One range is to be output from the listing below, exactly as written: the line with "maker: ernest eléonor pierre lamy" to the line with "description: Men heeft", both kept.

--

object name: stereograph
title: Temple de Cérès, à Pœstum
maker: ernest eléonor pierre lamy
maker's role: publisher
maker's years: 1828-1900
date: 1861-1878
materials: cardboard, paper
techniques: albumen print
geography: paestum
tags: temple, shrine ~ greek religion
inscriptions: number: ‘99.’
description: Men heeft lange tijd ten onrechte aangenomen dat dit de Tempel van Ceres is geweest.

--

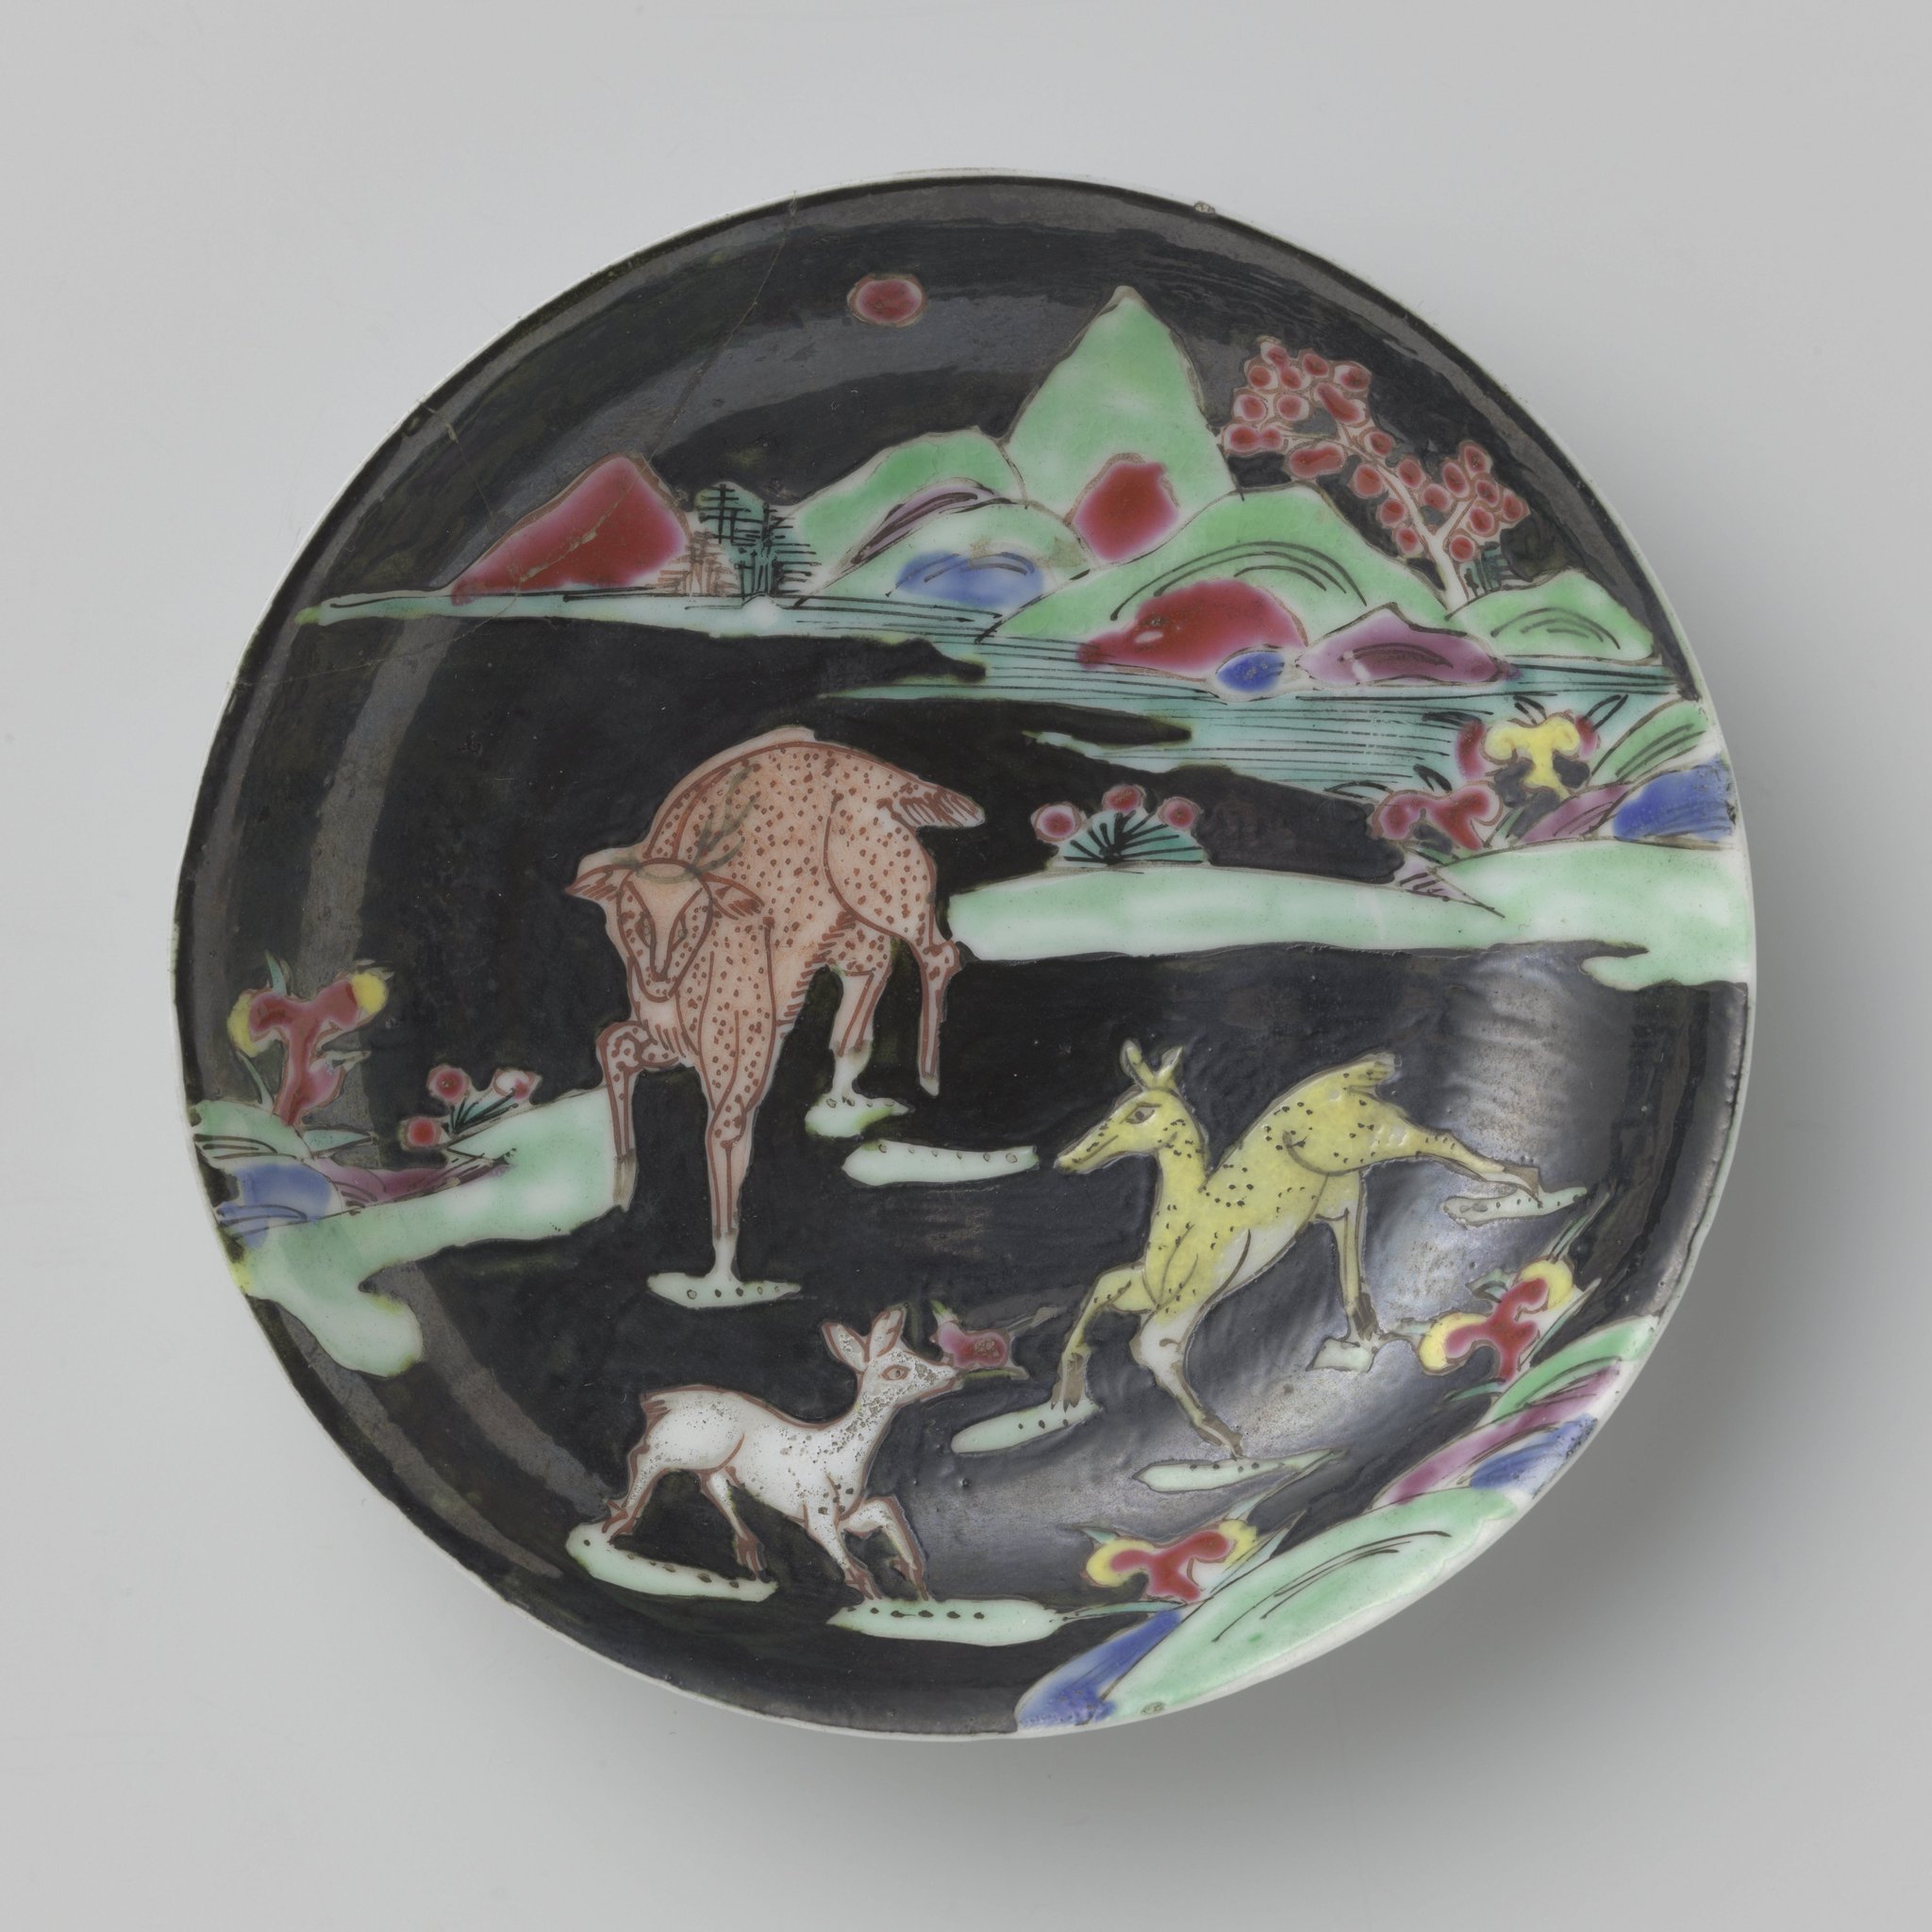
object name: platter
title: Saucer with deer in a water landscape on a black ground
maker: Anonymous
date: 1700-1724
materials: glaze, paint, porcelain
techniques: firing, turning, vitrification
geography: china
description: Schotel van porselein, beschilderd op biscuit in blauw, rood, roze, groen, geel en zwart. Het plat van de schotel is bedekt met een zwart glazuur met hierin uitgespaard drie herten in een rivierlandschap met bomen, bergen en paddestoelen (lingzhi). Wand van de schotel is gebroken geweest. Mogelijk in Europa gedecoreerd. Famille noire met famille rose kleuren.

--

▶ Task response:
maker: ernest eléonor pierre lamy
maker's role: publisher
maker's years: 1828-1900
date: 1861-1878
materials: cardboard, paper
techniques: albumen print
geography: paestum
tags: temple, shrine ~ greek religion
inscriptions: number: ‘99.’
description: Men heeft lange tijd ten onrechte aangenomen dat dit de Tempel van Ceres is geweest.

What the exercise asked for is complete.